Drei kräftige Schläge ertönen gegen meine hölzerne Eingangstür, und ich schreck hoch.
Ich runzle die Stirn, überlegend, wer mich um diese Uhrzeit, wer mich während der Rebellen Feier, noch besuchen möchte.
Ich stehe vom kalten Boden auf, immer noch leicht benebelt, und laufe schwankend zur Tür.
Ich muss schrecklich aussehen.
Als ich die Tür ruckartig öffne, blicke ich mit einer Mischung aus Überraschung und Bestürzung in das deprimiert blickende, hübsche Gesicht von Leia, die atemlos, rot angelaufen vor mir steht.
Sie mustert mich aus verengten Augen, schaut verlegen auf ihre schwarzen Schuhe.
„Ich…", sie weiß nicht weiter, zupft an ihrem roten Kleid, den langen Schlaufen.
„Es ist Han, nicht wahr?"
Ich stelle die Frage vorsichtig, weiß, welch Emotionen, sowohl negative als auch positive, dieser Name in ihr regen kann.
Sie nickt langsam, bedächtig, und urplötzlich, ohne Vorwarnung oder Anmerkung, springt sie in meine Arme, drückt sich an meine Brust.

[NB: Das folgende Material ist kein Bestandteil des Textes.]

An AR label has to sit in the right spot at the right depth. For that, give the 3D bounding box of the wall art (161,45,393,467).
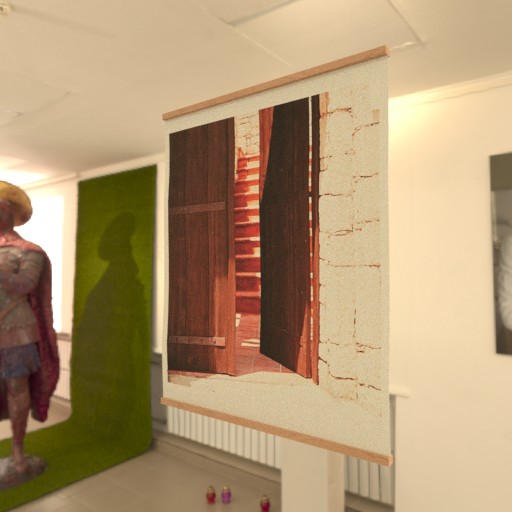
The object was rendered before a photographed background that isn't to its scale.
[{"bbox_3d":[0.000,0.000,0.661,0.406,0.508,0.013,-1,-2,37],"label":"wall art"}]
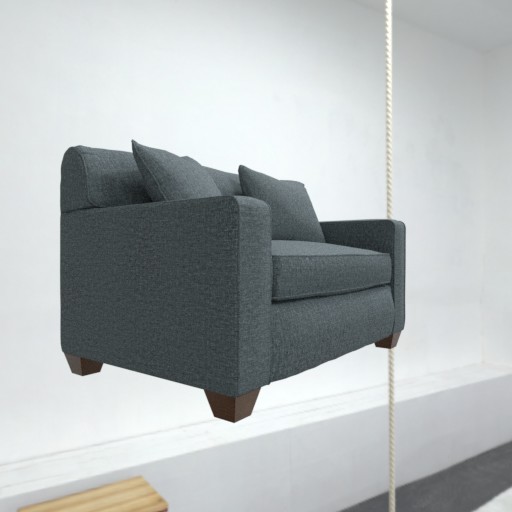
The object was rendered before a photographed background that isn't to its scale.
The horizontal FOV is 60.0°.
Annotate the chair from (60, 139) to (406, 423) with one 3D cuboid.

„Ich weiß doch auch nicht…", murmelt sie gegen mein weißes Hemd.
„Erst kommen wir so gut miteinander aus, und dann…. Dann gibt es immer diese hässlichen Streitereien, bei denen ich nachher nie weiß, worum es nun eigentlich ging…"
Ich streichle ihr über den Rücken, führe sie in mein Zimmer, setzte mich mit ihr auf mein hartes Bett, halte sie weiterhin in den Armen.
Schon komisch, dass mit meiner Erkenntnis die Streitereien nicht ein bisschen weniger werden…
Doch solch Situationen habe ich schon oft hinter mir gebracht, werde ich auch in Zukunft noch öfter hinter mir bringen müssen.
Seit einigen Monaten vergehen diese Situationen beinahe routinemäßig, immer nach gleichem Ablauf.
Bald wird Han anklopfen, in keinem besseren Zustand als Leia selbst, wird nach Leia fragen und dann sitzen wir schon schnell alle drei zusammen auf meinem kleinen Bett, wieder lachend und erleichtert.
Und bis dahin werde ich Leia halten, meine neue Erkenntnis immer noch vor meinem geistigen Auge, ein Lächeln auf dem Gesicht.
Denn letztendlich ist es doch viel schöner, jemanden zu halten, der deine eigenen Gefühle erwidert, so, wie auch du sie empfindest.
Nicht Liebe, sondern Freundschaft.
Freundschaft, die ebenso kostbar und unendlich schön ist, wie die Liebe selbst.